Depois de muito tempo tentando dar nome a uma tristeza contínua finalmente o ato de ir atrás de ajuda, foi o primeiro passo para a cura. É comum as pessoas associarem tristeza a depressão, deixo claro que é normal estar triste, todos temos esse direito, porém quando essa tristeza se perpetua por anos a fio, fica claro que algo está errado então, sim eu tenho depressão crônica.

Escrevo esse texto com o intuito de estimular mais pessoas a procurarem ajuda, por que esse estado faz mal não só a você como a todos que te cercam. Hoje depois de iniciar meu tratamento vejo o quanto me fiz mal, me isolando, fingindo estar bem comigo mesma, mascarando com outras síndromes o que até não sabia nomear, passei por diversas síndromes de consumidora compulsiva, buscando um prazer imediato ao comprar ou virando uma obsessiva pelo trabalho, tudo isso era uma forma de desviar o foco para o problema real… Incrível o fato de às vezes ser necessário um diagnóstico profissional para se tomar consciência de algo que te assola há anos, se por um acaso você está lendo esse texto e notar alguma semelhança, espero sinceramente que lhe ajude a tomar a decisão de procurar uma cura.
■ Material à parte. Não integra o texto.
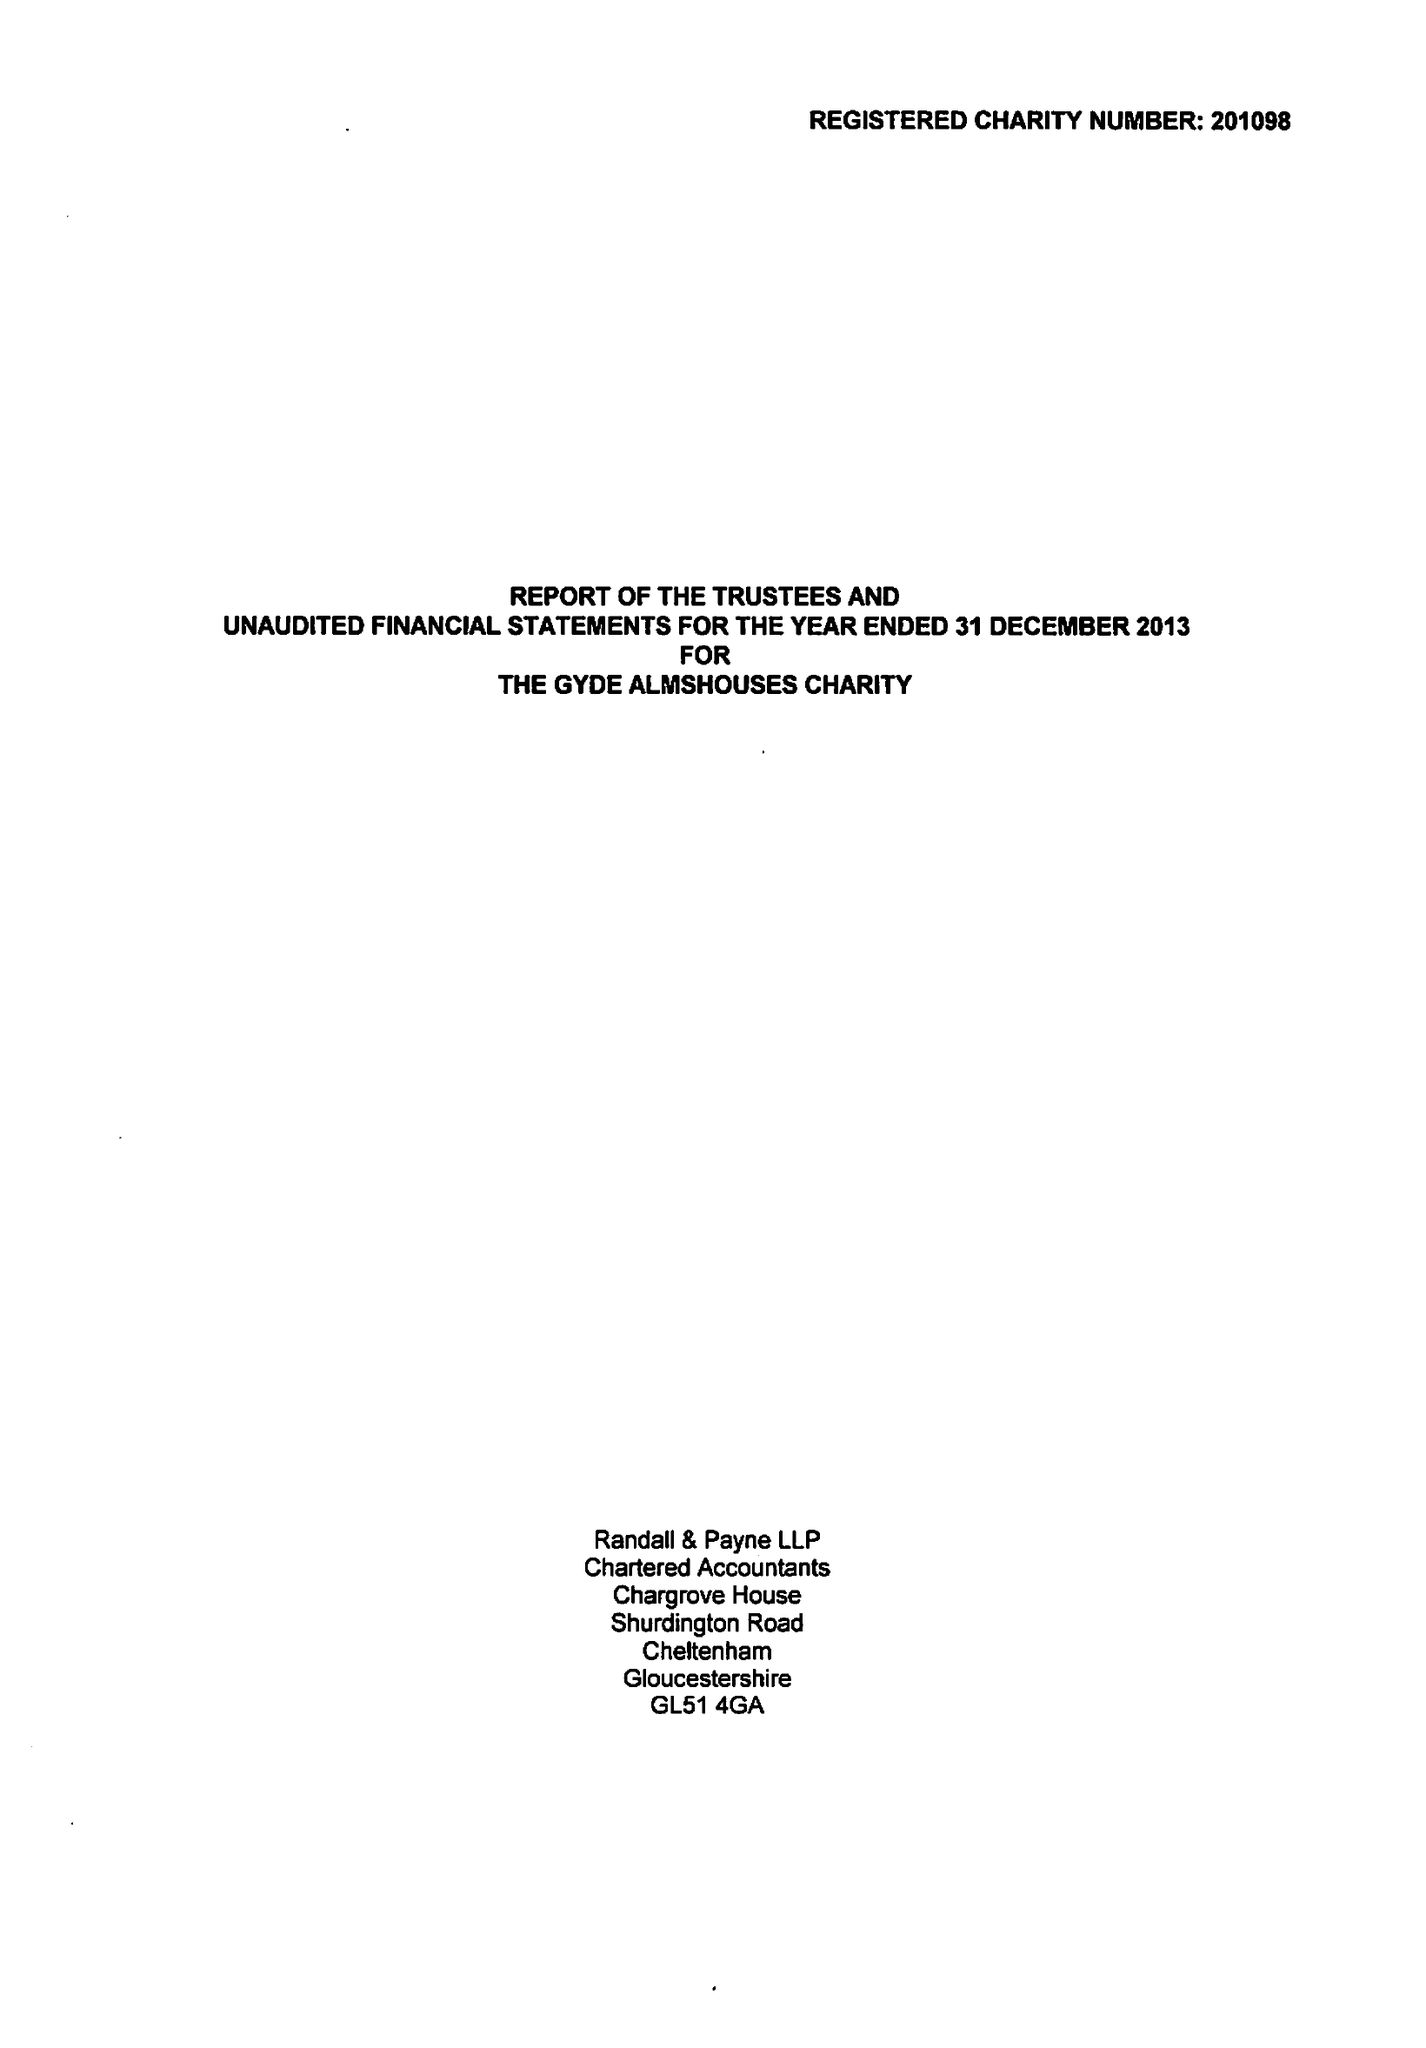What is the value for the charity_name?
Answer the question using a single word or phrase. The Gyde Almshouses Charity 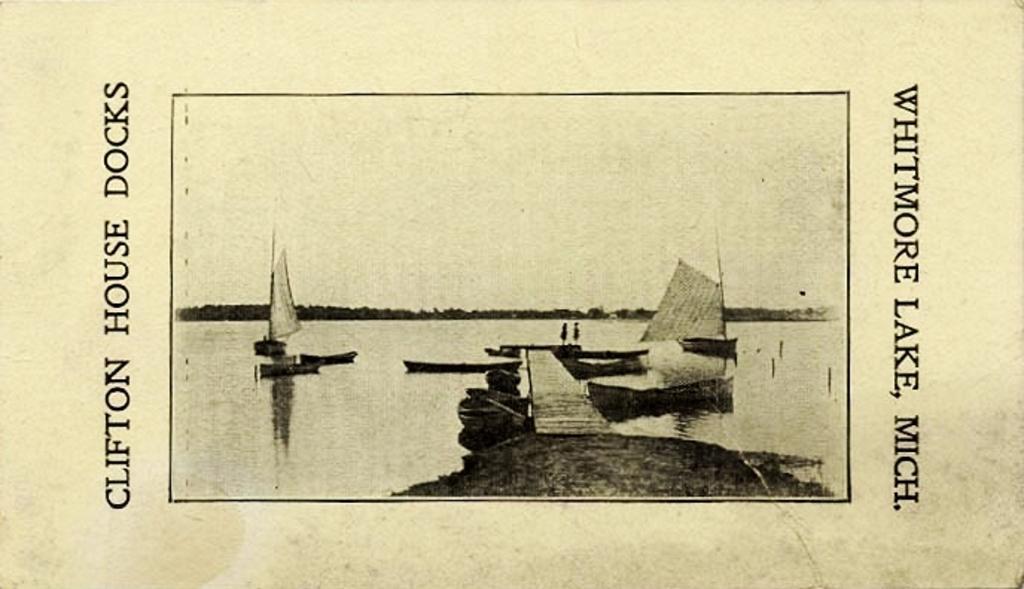Describe this image in one or two sentences. This is a black and white image. In the middle of the image we can see a picture and text on the top and bottom. In the picture we can see trees, river, boats, rocks and a walkway bridge. 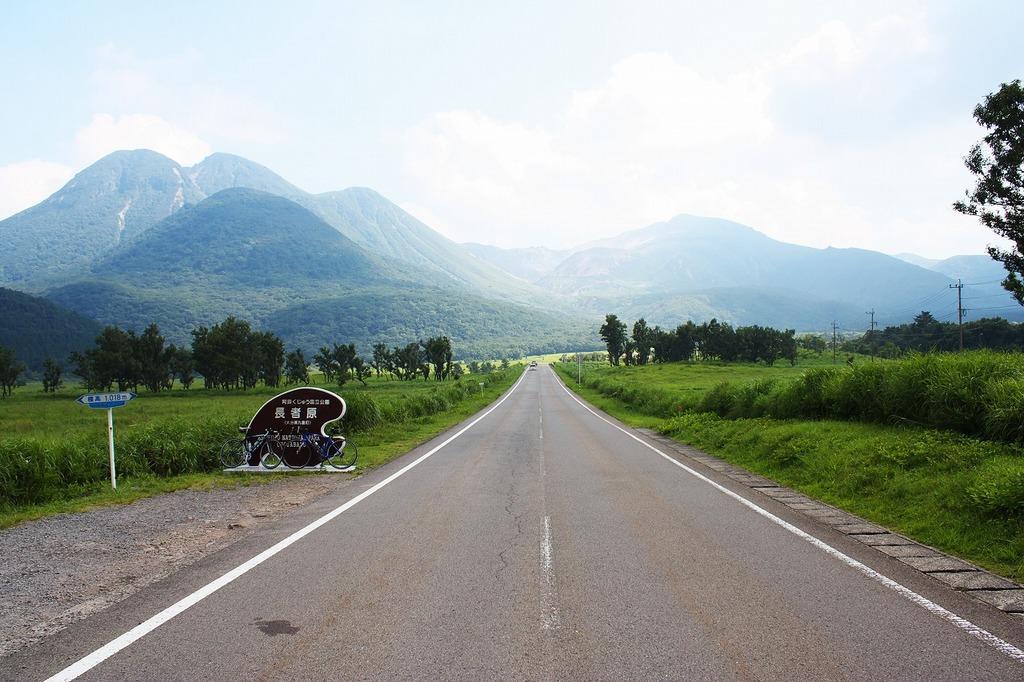How would you summarize this image in a sentence or two? The picture is taken along the countryside. In the foreground of the picture there are bicycles, soil, shrubs, plants, grass and road. In the center of the picture there are fields, trees, current poles and cables. In the background there are hills. Sky is sunny.

Antes de iniciar a história do fato que culminou na minha procura por ajuda profissional, preciso voltar anos atrás, diferente de uma depressão comum, uma depressão crônica é algo que se perpetua por anos, não existe um fato culminante, ela simplesmente sempre esteve lá.

Nunca fui o tipo de criança que buscava interação social, sempre procurei um isolamento, como forma de proteção, na adolescência as pessoas só eram permitidas ir até certo ponto, e assim continuou na vida adulta, até que essa tristeza sem fim, esse abatimento constante, essa aparente falta de vontade, nada mais era que uma doença que estava tendo seus sintomas agravados, tiveram sim responsáveis por esse agravamento, problemas de saúde com familiares, insatisfação no trabalho, amizades desfeitas, e afins… Até que a depressão ganhou força e veio destruindo tudo pela frente.

Sempre achei incômoda as perguntas as quais me faziam como “por que você não se anima com nada?”, “quando sorri parece que não tem vontade”, como se fizesse por obrigação, porém nenhuma das pessoas que apontavam a minha apatia jamais tentou ajudar, saber qual o motivo real, não as culpo, porém julgar sempre é mais fácil que dar a mão quando mais se precisa, não é todo ser humano que é capaz de fazer isso.

Mas depois de algumas crises, instabilidade de humor e total confusão mental chega o ponto onde tudo desmorona e foi aí que minha cura começou, quando aceitei que tinha um problema e fui atrás de ajuda, dar nome ao que se tem é de crucial importância, não tenho vergonha e nem vou esconder minha doença de ninguém, não preciso ser forte o tempo todo, isso foi uma das lições que a minha tão querida e importante psicóloga me passou. Meu tratamento está apenas no começo, porém só o fato de começar a fazer as mudanças necessárias já me deixa melhor.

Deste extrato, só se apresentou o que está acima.